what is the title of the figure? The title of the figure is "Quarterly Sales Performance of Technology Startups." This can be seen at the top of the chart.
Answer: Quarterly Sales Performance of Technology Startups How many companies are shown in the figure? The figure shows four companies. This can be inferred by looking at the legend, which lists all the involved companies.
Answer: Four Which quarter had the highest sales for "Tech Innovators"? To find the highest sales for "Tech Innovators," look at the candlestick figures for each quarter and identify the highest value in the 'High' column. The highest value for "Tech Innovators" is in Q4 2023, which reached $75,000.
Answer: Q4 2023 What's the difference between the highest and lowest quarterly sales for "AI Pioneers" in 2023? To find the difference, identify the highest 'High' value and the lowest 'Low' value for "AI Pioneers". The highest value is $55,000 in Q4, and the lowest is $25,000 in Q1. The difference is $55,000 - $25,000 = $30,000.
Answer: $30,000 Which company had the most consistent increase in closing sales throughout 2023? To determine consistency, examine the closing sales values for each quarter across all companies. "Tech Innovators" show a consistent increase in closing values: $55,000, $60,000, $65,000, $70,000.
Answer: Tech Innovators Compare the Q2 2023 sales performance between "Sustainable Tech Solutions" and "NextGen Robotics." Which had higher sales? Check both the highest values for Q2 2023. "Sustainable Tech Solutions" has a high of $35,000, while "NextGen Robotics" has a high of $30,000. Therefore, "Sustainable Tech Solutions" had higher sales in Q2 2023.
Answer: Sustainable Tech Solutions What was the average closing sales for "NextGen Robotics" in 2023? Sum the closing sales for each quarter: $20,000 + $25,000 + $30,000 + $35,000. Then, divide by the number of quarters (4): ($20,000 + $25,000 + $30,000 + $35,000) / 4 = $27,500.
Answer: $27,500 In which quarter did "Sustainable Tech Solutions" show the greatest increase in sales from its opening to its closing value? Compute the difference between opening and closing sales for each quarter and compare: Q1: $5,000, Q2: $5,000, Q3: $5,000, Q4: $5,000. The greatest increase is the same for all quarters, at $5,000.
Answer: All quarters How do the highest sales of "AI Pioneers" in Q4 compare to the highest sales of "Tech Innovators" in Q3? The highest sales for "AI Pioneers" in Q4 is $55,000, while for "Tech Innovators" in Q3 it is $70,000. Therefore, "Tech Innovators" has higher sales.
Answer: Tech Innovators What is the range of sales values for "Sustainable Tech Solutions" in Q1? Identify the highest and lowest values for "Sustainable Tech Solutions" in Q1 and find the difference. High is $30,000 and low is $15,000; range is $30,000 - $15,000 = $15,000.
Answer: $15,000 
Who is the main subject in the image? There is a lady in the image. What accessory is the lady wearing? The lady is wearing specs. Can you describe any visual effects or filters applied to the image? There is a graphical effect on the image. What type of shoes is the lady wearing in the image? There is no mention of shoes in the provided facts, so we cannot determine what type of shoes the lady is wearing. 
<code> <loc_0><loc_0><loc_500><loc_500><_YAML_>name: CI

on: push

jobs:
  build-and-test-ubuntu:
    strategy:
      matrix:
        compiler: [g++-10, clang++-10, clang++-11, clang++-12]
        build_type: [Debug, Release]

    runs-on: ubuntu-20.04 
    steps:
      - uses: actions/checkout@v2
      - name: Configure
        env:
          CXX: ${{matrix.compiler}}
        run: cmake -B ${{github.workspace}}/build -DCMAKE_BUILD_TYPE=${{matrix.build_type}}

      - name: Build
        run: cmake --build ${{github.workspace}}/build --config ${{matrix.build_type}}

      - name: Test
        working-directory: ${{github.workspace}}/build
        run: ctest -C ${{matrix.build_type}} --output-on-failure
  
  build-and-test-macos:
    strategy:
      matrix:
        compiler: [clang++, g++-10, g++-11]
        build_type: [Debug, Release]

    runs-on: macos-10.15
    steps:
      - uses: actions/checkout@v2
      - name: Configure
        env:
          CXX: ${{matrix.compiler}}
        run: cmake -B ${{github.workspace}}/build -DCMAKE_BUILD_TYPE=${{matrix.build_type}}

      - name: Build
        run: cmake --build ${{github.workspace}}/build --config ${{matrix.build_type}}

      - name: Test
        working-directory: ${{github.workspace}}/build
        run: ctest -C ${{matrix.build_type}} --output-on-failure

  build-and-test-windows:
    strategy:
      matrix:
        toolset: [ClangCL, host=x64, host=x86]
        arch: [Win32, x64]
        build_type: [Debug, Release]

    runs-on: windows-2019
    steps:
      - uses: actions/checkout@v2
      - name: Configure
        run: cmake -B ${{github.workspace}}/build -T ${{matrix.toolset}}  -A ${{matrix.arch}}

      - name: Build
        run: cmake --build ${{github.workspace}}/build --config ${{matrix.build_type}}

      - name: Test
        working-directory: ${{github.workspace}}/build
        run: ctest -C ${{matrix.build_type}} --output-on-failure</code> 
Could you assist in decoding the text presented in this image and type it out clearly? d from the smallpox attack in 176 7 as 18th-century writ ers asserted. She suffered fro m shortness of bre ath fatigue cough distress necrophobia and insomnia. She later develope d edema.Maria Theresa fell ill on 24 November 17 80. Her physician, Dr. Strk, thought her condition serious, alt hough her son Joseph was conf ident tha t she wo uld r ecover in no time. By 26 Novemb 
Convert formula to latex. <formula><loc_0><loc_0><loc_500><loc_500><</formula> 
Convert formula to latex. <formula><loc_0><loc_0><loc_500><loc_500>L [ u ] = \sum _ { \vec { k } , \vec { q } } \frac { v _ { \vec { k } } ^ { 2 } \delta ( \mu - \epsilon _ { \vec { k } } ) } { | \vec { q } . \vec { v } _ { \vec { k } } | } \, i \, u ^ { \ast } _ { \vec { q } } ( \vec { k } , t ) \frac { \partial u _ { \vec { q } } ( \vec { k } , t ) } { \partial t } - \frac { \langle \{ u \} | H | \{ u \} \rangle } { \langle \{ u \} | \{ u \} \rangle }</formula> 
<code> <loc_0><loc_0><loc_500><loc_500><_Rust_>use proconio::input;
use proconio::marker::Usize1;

ABOUT THIS EXERCISE:
From the first line to the last, copy every record exactly.

RESULT OF THE EXERCISE:
what is the title of the figure? The title of the figure is "Quarterly Sales Performance of Technology Startups." This can be seen at the top of the chart.
Answer: Quarterly Sales Performance of Technology Startups How many companies are shown in the figure? The figure shows four companies. This can be inferred by looking at the legend, which lists all the involved companies.
Answer: Four Which quarter had the highest sales for "Tech Innovators"? To find the highest sales for "Tech Innovators," look at the candlestick figures for each quarter and identify the highest value in the 'High' column. The highest value for "Tech Innovators" is in Q4 2023, which reached $75,000.
Answer: Q4 2023 What's the difference between the highest and lowest quarterly sales for "AI Pioneers" in 2023? To find the difference, identify the highest 'High' value and the lowest 'Low' value for "AI Pioneers". The highest value is $55,000 in Q4, and the lowest is $25,000 in Q1. The difference is $55,000 - $25,000 = $30,000.
Answer: $30,000 Which company had the most consistent increase in closing sales throughout 2023? To determine consistency, examine the closing sales values for each quarter across all companies. "Tech Innovators" show a consistent increase in closing values: $55,000, $60,000, $65,000, $70,000.
Answer: Tech Innovators Compare the Q2 2023 sales performance between "Sustainable Tech Solutions" and "NextGen Robotics." Which had higher sales? Check both the highest values for Q2 2023. "Sustainable Tech Solutions" has a high of $35,000, while "NextGen Robotics" has a high of $30,000. Therefore, "Sustainable Tech Solutions" had higher sales in Q2 2023.
Answer: Sustainable Tech Solutions What was the average closing sales for "NextGen Robotics" in 2023? Sum the closing sales for each quarter: $20,000 + $25,000 + $30,000 + $35,000. Then, divide by the number of quarters (4): ($20,000 + $25,000 + $30,000 + $35,000) / 4 = $27,500.
Answer: $27,500 In which quarter did "Sustainable Tech Solutions" show the greatest increase in sales from its opening to its closing value? Compute the difference between opening and closing sales for each quarter and compare: Q1: $5,000, Q2: $5,000, Q3: $5,000, Q4: $5,000. The greatest increase is the same for all quarters, at $5,000.
Answer: All quarters How do the highest sales of "AI Pioneers" in Q4 compare to the highest sales of "Tech Innovators" in Q3? The highest sales for "AI Pioneers" in Q4 is $55,000, while for "Tech Innovators" in Q3 it is $70,000. Therefore, "Tech Innovators" has higher sales.
Answer: Tech Innovators What is the range of sales values for "Sustainable Tech Solutions" in Q1? Identify the highest and lowest values for "Sustainable Tech Solutions" in Q1 and find the difference. High is $30,000 and low is $15,000; range is $30,000 - $15,000 = $15,000.
Answer: $15,000 
Who is the main subject in the image? There is a lady in the image. What accessory is the lady wearing? The lady is wearing specs. Can you describe any visual effects or filters applied to the image? There is a graphical effect on the image. What type of shoes is the lady wearing in the image? There is no mention of shoes in the provided facts, so we cannot determine what type of shoes the lady is wearing. 
<code> <loc_0><loc_0><loc_500><loc_500><_YAML_>name: CI

on: push

jobs:
  build-and-test-ubuntu:
    strategy:
      matrix:
        compiler: [g++-10, clang++-10, clang++-11, clang++-12]
        build_type: [Debug, Release]

    runs-on: ubuntu-20.04 
    steps:
      - uses: actions/checkout@v2
      - name: Configure
        env:
          CXX: ${{matrix.compiler}}
        run: cmake -B ${{github.workspace}}/build -DCMAKE_BUILD_TYPE=${{matrix.build_type}}

      - name: Build
        run: cmake --build ${{github.workspace}}/build --config ${{matrix.build_type}}

      - name: Test
        working-directory: ${{github.workspace}}/build
        run: ctest -C ${{matrix.build_type}} --output-on-failure
  
  build-and-test-macos:
    strategy:
      matrix:
        compiler: [clang++, g++-10, g++-11]
        build_type: [Debug, Release]

    runs-on: macos-10.15
    steps:
      - uses: actions/checkout@v2
      - name: Configure
        env:
          CXX: ${{matrix.compiler}}
        run: cmake -B ${{github.workspace}}/build -DCMAKE_BUILD_TYPE=${{matrix.build_type}}

      - name: Build
        run: cmake --build ${{github.workspace}}/build --config ${{matrix.build_type}}

      - name: Test
        working-directory: ${{github.workspace}}/build
        run: ctest -C ${{matrix.build_type}} --output-on-failure

  build-and-test-windows:
    strategy:
      matrix:
        toolset: [ClangCL, host=x64, host=x86]
        arch: [Win32, x64]
        build_type: [Debug, Release]

    runs-on: windows-2019
    steps:
      - uses: actions/checkout@v2
      - name: Configure
        run: cmake -B ${{github.workspace}}/build -T ${{matrix.toolset}}  -A ${{matrix.arch}}

      - name: Build
        run: cmake --build ${{github.workspace}}/build --config ${{matrix.build_type}}

      - name: Test
        working-directory: ${{github.workspace}}/build
        run: ctest -C ${{matrix.build_type}} --output-on-failure</code> 
Could you assist in decoding the text presented in this image and type it out clearly? d from the smallpox attack in 176 7 as 18th-century writ ers asserted. She suffered fro m shortness of bre ath fatigue cough distress necrophobia and insomnia. She later develope d edema.Maria Theresa fell ill on 24 November 17 80. Her physician, Dr. Strk, thought her condition serious, alt hough her son Joseph was conf ident tha t she wo uld r ecover in no time. By 26 Novemb 
Convert formula to latex. <formula><loc_0><loc_0><loc_500><loc_500><</formula> 
Convert formula to latex. <formula><loc_0><loc_0><loc_500><loc_500>L [ u ] = \sum _ { \vec { k } , \vec { q } } \frac { v _ { \vec { k } } ^ { 2 } \delta ( \mu - \epsilon _ { \vec { k } } ) } { | \vec { q } . \vec { v } _ { \vec { k } } | } \, i \, u ^ { \ast } _ { \vec { q } } ( \vec { k } , t ) \frac { \partial u _ { \vec { q } } ( \vec { k } , t ) } { \partial t } - \frac { \langle \{ u \} | H | \{ u \} \rangle } { \langle \{ u \} | \{ u \} \rangle }</formula> 
<code> <loc_0><loc_0><loc_500><loc_500><_Rust_>use proconio::input;
use proconio::marker::Usize1;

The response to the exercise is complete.